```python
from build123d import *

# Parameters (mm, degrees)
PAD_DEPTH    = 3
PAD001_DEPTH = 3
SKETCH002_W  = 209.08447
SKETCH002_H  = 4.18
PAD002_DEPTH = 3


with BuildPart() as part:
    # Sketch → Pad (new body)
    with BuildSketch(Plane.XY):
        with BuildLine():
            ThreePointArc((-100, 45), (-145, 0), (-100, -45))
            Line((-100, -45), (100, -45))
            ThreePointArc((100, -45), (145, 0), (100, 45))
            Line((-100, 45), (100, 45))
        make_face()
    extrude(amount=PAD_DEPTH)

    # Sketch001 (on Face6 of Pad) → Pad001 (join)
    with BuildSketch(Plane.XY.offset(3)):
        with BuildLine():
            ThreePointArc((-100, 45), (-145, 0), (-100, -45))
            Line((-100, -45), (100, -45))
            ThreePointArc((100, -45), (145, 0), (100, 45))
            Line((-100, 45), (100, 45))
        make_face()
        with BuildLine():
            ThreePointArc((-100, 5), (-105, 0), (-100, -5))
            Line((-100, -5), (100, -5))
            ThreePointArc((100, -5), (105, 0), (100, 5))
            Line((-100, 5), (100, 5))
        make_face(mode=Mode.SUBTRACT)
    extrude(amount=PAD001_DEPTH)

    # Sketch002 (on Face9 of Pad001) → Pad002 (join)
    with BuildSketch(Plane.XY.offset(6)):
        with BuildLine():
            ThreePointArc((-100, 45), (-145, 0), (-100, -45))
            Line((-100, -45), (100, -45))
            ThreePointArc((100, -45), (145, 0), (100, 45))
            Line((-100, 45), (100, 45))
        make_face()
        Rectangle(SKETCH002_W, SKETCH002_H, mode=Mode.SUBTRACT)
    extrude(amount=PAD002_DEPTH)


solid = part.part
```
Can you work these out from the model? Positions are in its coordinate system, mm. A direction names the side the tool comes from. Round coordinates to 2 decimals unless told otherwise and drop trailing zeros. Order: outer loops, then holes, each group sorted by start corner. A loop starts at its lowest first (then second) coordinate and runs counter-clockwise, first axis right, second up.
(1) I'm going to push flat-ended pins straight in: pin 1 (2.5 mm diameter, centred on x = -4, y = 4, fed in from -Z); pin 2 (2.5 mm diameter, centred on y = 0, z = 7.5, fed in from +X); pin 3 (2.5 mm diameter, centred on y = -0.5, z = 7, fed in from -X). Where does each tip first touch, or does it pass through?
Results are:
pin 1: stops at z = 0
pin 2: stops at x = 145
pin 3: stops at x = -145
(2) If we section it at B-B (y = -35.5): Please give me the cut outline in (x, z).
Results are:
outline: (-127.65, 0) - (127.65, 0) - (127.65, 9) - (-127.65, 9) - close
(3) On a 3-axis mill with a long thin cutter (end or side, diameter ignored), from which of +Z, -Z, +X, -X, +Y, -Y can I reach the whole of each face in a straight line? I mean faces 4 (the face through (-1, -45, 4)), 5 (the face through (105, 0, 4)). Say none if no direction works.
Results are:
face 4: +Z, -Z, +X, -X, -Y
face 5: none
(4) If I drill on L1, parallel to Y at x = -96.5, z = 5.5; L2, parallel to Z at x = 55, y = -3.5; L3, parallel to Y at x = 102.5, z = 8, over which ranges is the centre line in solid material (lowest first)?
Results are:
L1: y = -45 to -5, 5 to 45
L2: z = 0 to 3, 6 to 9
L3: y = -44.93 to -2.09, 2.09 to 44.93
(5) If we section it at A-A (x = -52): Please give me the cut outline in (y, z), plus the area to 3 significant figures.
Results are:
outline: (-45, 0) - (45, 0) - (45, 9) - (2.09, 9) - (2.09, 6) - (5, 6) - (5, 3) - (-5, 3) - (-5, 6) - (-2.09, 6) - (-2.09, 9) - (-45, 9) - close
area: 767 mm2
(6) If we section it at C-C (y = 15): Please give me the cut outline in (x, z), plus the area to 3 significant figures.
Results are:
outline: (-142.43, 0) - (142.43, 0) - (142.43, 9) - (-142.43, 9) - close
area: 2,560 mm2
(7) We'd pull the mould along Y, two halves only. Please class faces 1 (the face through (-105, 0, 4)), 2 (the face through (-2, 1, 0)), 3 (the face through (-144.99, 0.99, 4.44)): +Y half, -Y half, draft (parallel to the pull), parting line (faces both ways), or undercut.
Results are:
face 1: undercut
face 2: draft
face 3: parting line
^^^^^^^^^^^^^^^^
Your instructions: What is the number of lines in the listing above that hold "amount"? Respond with that number and nothing else.

Answer to this task: 3